• What the task asks: After locating "Offer a terse response. 4." in the listing below, copy that line and each one after it exactly, ending with the line that has "Provide a succinct answer. 39.6. Across".

• Study material:
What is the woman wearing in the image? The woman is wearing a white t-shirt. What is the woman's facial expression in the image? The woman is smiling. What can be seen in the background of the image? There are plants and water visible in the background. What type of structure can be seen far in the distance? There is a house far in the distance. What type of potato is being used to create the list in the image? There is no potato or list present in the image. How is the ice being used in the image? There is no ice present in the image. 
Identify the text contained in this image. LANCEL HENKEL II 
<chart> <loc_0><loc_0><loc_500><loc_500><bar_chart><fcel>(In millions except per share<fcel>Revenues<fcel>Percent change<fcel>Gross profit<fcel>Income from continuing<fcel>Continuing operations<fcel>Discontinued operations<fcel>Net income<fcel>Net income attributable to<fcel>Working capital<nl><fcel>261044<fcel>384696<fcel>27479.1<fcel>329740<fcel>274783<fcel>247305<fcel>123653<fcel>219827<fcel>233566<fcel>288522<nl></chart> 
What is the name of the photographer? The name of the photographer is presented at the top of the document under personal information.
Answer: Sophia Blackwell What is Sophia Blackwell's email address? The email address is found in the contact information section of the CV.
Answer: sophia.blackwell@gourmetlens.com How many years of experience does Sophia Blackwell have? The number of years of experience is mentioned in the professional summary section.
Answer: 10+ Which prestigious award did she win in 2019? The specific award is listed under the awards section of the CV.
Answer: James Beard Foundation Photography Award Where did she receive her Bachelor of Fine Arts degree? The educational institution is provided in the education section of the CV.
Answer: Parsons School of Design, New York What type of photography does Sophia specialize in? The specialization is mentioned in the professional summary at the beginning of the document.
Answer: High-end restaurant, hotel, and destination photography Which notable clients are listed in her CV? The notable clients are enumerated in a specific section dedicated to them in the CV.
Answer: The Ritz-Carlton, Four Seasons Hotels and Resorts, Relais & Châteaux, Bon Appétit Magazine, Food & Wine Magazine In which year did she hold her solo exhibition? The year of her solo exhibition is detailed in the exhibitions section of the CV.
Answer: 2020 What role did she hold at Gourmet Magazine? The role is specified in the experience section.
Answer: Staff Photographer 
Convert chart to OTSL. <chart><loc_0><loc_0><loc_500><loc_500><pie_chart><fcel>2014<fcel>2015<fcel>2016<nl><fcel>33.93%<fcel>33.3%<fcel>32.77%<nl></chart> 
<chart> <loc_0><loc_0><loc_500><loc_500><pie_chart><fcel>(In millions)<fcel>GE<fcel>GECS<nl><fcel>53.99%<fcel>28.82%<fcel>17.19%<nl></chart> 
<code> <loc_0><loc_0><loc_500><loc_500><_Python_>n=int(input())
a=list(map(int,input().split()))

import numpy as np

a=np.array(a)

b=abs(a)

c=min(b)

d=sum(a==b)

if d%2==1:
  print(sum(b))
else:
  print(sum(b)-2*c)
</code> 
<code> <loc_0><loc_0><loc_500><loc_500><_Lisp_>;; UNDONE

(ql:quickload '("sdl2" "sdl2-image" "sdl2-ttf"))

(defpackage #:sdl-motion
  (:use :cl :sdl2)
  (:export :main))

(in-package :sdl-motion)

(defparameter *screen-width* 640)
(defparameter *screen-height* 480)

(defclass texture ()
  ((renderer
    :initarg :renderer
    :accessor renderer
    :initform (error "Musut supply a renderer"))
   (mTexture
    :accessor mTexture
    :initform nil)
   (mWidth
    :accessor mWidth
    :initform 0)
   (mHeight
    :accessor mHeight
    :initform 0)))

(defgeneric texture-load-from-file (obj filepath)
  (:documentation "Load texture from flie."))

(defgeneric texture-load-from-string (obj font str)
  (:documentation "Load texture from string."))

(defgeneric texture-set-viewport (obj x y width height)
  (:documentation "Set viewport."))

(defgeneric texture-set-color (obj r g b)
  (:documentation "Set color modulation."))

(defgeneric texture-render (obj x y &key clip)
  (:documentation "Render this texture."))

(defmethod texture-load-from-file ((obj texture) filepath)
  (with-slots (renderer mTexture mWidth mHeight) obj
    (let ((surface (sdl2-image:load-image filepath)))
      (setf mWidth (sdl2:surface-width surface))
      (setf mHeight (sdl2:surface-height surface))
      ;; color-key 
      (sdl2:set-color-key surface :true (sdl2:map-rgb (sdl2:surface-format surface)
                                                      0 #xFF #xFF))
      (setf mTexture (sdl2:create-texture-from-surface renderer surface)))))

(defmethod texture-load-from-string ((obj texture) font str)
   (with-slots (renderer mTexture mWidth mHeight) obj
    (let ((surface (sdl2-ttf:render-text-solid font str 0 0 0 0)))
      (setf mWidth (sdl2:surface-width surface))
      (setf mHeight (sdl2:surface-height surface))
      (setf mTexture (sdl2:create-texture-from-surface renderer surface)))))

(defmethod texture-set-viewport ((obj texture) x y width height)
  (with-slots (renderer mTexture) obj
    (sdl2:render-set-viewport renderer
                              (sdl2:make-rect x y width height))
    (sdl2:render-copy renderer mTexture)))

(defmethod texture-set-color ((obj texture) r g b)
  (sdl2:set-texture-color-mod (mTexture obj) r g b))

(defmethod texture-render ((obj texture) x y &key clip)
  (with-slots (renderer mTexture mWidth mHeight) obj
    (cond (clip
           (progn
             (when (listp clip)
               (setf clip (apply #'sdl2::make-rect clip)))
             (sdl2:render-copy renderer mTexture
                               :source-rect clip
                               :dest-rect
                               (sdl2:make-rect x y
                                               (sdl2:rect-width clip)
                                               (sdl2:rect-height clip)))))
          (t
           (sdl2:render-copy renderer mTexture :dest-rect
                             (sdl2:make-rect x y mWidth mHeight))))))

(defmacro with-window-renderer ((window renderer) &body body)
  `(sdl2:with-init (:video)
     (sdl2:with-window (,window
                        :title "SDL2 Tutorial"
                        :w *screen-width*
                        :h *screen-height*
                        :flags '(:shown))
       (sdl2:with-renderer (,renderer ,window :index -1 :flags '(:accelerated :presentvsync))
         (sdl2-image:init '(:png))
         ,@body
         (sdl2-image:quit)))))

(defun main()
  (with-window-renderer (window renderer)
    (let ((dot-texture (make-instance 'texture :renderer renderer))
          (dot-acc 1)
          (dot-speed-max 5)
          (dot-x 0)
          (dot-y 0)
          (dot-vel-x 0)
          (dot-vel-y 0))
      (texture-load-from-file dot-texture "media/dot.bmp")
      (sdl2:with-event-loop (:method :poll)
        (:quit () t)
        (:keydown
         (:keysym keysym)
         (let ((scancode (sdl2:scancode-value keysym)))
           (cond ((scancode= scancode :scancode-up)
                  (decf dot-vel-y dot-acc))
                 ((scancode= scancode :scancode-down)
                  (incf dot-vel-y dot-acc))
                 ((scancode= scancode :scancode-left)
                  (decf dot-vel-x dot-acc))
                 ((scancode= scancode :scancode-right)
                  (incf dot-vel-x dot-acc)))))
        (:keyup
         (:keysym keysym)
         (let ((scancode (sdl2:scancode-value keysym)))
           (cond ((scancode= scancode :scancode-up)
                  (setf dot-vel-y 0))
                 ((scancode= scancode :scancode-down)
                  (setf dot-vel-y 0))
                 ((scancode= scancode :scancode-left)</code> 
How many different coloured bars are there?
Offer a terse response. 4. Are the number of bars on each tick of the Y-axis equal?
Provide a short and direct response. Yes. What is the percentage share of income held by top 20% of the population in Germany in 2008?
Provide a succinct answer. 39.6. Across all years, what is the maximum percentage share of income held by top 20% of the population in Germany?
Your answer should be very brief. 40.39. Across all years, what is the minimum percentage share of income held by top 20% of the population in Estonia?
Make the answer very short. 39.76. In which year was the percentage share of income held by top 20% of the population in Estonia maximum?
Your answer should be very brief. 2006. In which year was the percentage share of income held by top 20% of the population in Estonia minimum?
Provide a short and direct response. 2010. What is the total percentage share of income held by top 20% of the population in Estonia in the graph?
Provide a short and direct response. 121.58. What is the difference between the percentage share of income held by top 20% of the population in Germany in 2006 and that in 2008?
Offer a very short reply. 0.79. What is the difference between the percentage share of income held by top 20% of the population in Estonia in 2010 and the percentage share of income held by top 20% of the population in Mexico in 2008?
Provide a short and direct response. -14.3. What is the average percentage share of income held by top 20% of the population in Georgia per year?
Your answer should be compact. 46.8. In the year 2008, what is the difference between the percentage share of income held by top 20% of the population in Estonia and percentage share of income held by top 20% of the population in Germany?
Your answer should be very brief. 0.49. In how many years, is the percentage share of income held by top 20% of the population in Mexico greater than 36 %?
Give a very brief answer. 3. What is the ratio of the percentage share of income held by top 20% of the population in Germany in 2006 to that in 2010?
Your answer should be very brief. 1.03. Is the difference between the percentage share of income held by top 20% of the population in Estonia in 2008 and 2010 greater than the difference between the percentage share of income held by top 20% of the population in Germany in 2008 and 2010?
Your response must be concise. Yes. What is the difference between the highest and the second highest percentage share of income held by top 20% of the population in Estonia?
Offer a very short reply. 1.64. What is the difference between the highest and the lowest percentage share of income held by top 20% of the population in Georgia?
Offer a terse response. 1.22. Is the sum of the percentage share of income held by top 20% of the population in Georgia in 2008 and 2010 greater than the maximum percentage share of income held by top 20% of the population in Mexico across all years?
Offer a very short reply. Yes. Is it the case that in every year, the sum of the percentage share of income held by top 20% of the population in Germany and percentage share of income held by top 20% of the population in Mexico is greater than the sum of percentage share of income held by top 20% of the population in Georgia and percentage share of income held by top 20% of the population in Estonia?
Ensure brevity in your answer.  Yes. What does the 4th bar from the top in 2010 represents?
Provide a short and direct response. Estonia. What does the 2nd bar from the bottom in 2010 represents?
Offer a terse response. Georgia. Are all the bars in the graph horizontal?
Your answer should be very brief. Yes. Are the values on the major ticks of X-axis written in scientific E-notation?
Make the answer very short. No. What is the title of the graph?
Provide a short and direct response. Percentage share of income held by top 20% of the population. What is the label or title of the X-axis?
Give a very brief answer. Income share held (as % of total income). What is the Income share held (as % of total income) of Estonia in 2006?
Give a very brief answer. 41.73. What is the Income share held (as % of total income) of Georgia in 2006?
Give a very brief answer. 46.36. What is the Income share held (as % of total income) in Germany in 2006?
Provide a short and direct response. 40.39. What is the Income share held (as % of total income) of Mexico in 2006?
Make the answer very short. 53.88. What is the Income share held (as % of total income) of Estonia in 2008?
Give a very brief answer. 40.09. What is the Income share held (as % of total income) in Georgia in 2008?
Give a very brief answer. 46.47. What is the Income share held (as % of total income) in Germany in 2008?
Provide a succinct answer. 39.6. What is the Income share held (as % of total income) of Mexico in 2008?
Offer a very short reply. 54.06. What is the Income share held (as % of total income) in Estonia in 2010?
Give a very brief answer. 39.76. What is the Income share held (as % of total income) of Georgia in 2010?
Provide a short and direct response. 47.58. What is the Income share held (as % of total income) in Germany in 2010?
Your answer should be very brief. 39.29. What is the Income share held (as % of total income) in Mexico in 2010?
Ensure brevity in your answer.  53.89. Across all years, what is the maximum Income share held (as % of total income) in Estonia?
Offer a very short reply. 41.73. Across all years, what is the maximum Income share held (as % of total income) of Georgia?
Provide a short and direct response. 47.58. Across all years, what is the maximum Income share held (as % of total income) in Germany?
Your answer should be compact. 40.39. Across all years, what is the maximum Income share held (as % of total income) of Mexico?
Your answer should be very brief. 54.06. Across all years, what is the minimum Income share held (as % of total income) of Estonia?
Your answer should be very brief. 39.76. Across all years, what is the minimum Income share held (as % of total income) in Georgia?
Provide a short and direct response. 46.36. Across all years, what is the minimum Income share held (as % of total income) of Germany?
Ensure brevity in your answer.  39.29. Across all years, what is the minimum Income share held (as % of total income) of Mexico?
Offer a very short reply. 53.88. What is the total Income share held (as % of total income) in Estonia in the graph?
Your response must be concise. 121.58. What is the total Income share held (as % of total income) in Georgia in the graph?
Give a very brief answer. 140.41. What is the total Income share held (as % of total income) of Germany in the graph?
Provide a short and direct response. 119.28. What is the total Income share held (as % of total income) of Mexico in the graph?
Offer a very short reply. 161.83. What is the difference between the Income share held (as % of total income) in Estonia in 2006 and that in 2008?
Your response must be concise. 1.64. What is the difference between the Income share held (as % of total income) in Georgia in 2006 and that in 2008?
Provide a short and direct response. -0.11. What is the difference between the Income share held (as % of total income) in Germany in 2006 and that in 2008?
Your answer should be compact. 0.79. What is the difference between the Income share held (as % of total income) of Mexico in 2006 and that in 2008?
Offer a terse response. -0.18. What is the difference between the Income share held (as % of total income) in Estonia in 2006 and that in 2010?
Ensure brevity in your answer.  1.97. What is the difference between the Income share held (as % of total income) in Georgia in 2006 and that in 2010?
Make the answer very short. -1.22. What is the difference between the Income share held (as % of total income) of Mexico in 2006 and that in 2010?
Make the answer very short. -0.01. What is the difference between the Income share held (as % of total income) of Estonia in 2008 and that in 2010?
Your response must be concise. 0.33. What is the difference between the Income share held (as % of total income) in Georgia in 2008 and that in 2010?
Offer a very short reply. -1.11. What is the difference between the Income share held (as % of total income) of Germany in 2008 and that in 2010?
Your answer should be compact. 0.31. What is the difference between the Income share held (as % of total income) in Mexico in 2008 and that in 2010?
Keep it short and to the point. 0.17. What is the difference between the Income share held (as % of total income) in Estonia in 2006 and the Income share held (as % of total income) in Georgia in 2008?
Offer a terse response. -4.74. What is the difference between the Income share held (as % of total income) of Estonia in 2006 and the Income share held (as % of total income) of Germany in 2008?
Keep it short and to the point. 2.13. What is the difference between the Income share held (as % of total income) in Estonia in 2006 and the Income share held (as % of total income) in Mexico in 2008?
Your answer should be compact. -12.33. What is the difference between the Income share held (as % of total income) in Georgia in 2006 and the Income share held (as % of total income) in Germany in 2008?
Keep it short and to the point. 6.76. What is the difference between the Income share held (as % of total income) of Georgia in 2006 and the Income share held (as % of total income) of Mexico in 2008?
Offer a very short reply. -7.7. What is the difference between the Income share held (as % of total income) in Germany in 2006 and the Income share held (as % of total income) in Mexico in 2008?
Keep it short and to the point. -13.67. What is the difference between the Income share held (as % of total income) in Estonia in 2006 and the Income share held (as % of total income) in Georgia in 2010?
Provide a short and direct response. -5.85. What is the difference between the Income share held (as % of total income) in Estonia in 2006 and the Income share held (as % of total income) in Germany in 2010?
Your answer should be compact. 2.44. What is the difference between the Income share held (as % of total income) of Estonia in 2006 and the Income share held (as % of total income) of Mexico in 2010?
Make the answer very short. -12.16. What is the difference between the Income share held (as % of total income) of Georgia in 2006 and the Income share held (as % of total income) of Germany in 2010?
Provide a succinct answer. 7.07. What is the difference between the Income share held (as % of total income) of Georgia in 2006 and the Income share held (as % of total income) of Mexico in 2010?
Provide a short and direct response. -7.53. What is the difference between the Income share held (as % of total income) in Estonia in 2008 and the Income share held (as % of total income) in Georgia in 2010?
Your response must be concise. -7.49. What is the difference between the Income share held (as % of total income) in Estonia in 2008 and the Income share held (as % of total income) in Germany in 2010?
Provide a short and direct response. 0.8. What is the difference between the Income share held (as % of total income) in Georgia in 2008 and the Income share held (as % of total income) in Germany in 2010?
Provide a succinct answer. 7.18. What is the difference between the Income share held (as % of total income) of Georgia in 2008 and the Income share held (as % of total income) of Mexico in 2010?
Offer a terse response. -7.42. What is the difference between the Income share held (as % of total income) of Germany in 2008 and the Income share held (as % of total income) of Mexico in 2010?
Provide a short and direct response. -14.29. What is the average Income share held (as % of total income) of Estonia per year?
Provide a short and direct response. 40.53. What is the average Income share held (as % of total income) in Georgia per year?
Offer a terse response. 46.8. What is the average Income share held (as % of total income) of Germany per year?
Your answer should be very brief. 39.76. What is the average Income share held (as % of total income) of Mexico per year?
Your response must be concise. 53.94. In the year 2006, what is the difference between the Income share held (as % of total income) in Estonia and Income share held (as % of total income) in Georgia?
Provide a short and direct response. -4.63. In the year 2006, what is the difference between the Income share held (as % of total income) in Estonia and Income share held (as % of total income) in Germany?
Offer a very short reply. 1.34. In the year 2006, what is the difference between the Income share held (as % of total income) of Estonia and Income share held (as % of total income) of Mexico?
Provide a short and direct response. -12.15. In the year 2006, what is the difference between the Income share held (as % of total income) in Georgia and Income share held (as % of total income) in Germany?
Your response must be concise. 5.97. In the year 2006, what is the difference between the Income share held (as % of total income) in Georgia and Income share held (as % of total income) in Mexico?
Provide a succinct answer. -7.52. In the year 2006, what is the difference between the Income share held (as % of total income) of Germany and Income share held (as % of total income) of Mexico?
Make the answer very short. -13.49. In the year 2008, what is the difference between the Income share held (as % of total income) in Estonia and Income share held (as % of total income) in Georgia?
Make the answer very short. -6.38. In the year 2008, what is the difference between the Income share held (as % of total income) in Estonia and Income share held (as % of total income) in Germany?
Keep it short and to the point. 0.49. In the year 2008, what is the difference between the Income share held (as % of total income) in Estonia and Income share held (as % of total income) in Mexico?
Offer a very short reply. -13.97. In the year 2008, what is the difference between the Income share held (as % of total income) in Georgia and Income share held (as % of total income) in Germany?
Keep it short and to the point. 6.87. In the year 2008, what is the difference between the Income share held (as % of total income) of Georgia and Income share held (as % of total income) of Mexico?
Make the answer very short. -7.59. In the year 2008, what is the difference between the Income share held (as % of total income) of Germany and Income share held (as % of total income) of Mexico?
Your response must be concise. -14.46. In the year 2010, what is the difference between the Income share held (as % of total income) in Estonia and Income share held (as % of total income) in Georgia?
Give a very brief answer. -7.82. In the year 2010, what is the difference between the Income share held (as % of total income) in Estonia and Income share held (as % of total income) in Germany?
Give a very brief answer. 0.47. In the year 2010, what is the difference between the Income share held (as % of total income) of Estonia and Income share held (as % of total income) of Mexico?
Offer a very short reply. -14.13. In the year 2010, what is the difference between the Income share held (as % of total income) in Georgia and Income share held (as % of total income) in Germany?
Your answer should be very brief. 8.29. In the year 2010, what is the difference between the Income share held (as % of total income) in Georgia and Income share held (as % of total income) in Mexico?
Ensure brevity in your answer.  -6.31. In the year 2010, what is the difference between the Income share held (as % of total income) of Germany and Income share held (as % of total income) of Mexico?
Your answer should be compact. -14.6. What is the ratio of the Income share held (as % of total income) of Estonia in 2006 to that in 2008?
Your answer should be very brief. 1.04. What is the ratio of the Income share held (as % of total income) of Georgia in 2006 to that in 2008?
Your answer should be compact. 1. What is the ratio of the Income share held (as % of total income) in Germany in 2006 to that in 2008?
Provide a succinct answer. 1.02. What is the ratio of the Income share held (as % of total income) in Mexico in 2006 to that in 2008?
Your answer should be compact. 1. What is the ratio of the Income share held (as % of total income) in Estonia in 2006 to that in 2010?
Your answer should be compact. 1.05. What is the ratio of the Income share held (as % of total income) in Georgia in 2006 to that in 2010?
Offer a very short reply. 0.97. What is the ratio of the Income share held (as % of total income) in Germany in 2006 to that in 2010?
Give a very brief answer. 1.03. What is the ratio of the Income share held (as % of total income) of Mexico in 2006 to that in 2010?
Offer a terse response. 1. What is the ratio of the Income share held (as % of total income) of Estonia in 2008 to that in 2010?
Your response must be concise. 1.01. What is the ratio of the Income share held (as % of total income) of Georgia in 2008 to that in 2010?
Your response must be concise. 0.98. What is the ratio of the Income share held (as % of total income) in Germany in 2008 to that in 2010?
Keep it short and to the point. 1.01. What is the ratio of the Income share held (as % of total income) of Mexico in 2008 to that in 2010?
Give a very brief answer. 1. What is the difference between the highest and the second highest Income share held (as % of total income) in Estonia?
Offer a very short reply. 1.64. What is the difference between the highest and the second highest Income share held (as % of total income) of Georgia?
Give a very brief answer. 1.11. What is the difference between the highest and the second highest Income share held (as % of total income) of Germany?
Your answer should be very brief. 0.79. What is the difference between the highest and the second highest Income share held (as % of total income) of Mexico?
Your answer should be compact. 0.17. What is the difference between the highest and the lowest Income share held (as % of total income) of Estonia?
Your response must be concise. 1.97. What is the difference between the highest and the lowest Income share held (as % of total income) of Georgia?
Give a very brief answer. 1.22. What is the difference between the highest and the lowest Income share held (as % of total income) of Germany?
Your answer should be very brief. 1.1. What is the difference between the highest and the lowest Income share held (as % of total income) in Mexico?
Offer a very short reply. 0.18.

• Answer section:
Offer a terse response. 4. Are the number of bars on each tick of the Y-axis equal?
Provide a short and direct response. Yes. What is the percentage share of income held by top 20% of the population in Germany in 2008?
Provide a succinct answer. 39.6. Across all years, what is the maximum percentage share of income held by top 20% of the population in Germany?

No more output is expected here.